JPMorgan Brings Tokenized Commercial Paper to Solana
Galaxy completes its first U.S. commercial paper issuance using a Solana-based tokenized debt instrument.
JPMorgan has structured a U.S. commercial paper issuance for a subsidiary of Galaxy Digital Holdings, a global digital asset financial services firm operating across trading, asset management, and investment banking.
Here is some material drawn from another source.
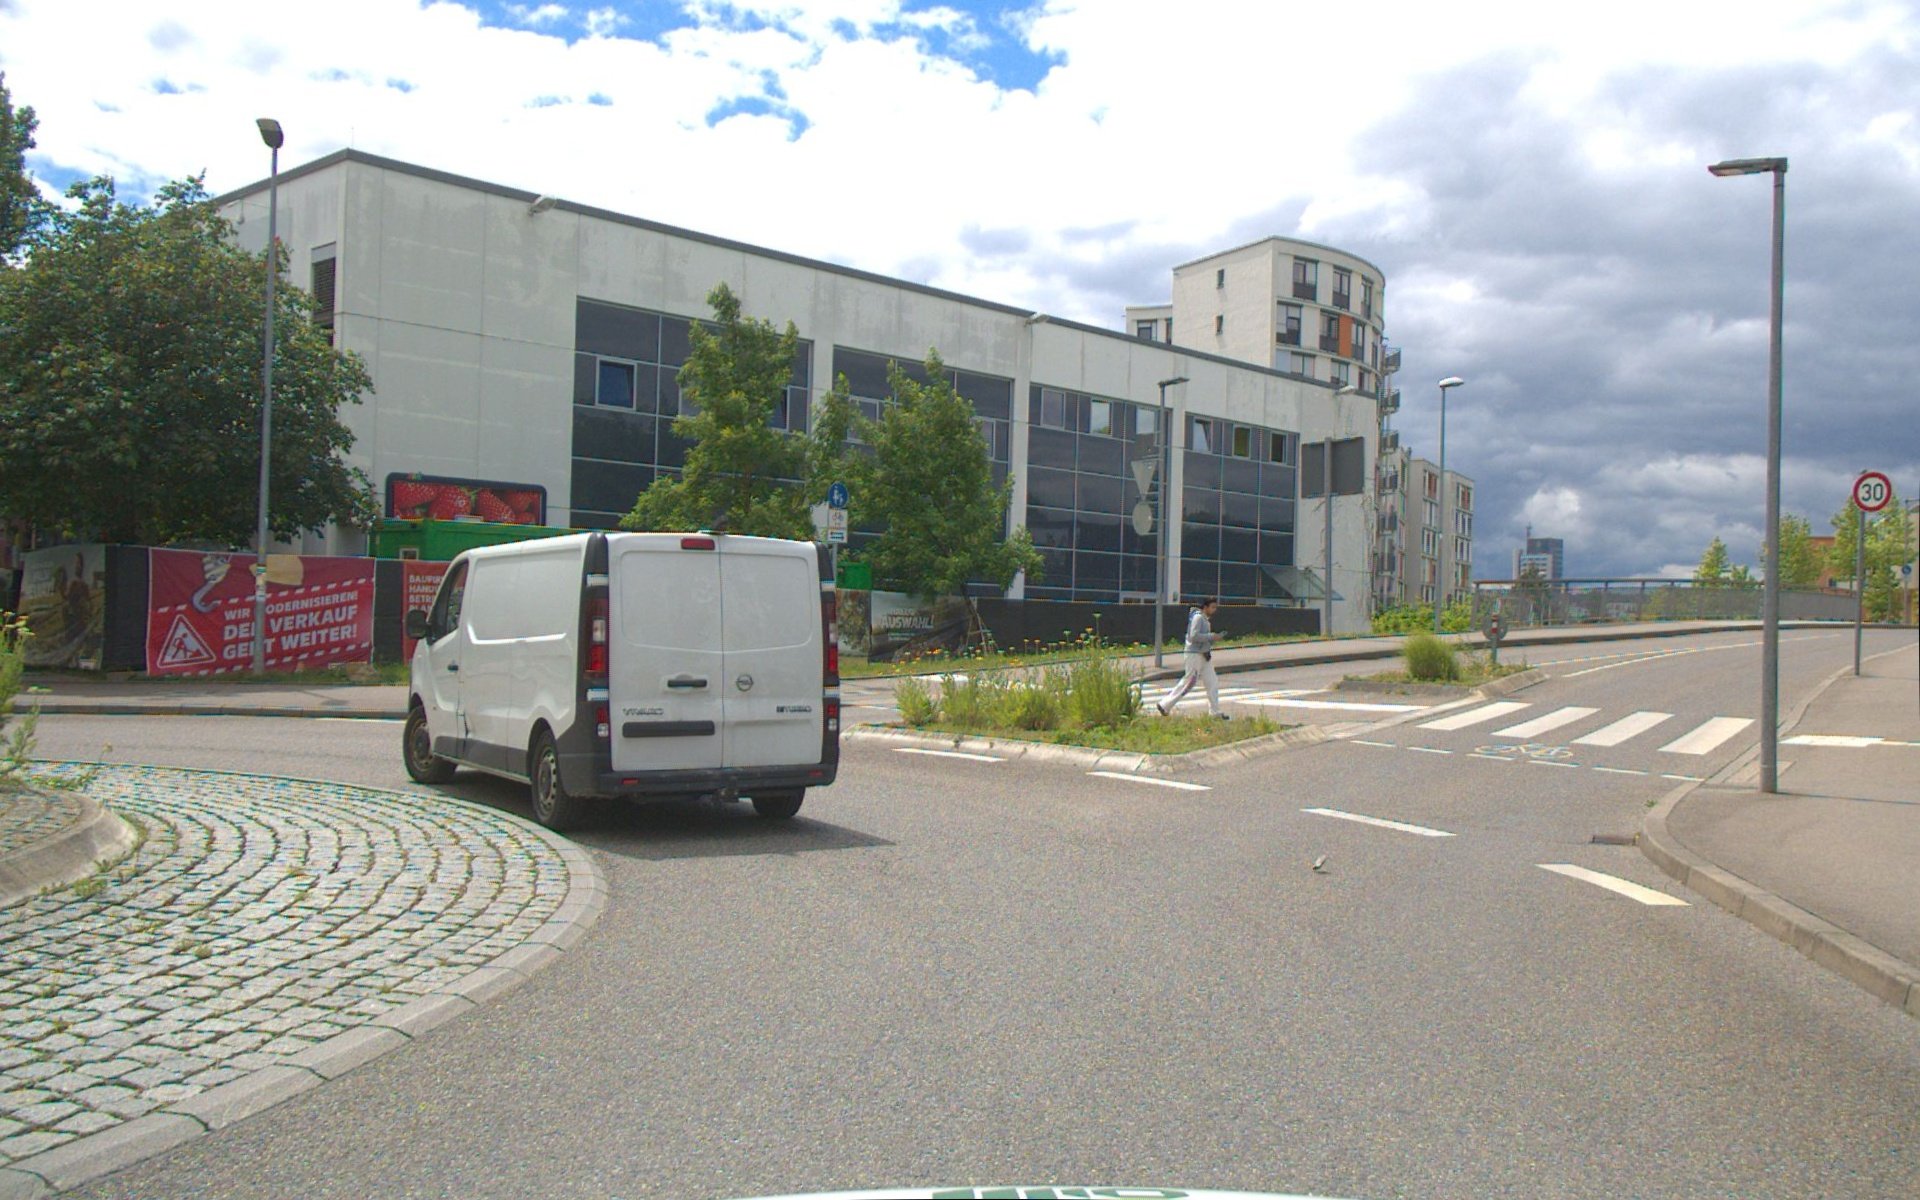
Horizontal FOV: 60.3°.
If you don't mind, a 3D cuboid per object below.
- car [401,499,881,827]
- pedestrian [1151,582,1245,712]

The transaction was executed on the Solana blockchain and introduces a new tokenized debt instrument, highlighting accelerating institutional adoption of on-chain capital markets infrastructure.
- On-chain commercial paper issuance: JPMorgan arranged Galaxy’s first U.S. commercial paper offering using a tokenized format executed on a public blockchain, positioning the transaction among the earliest short-term corporate debt issuances settled on-chain.
- USCP token debuts on Solana: The USCP token is a Solana-based, tokenized representation of short-term corporate debt created by JPMorgan to facilitate institutional capital raises, with issuance and redemption settled using USD Coin (USDC).
- Galaxy’s role as issuer: Galaxy Digital Holdings is a diversified digital asset firm providing trading, asset management, principal investing, and advisory services, acting in this transaction as the corporate issuer raising short-term funding through tokenized debt.
- Institutional investors participate: Coinbase and Franklin Templeton purchased the tokenized debt, with Coinbase also providing custody, wallet infrastructure, and fiat-to-stablecoin on- and off-ramps for the transaction.
- Public blockchain infrastructure emphasized: JPMorgan cited Solana’s high-throughput and programmable settlement capabilities as key enablers for bringing institutional-grade financial instruments on-chain in a compliant manner.
- Expansion of tokenized debt markets: The issuance follows a broader trend of traditional financial institutions and asset managers experimenting with blockchain-based commercial paper, bonds, and money-market instruments to modernize capital markets.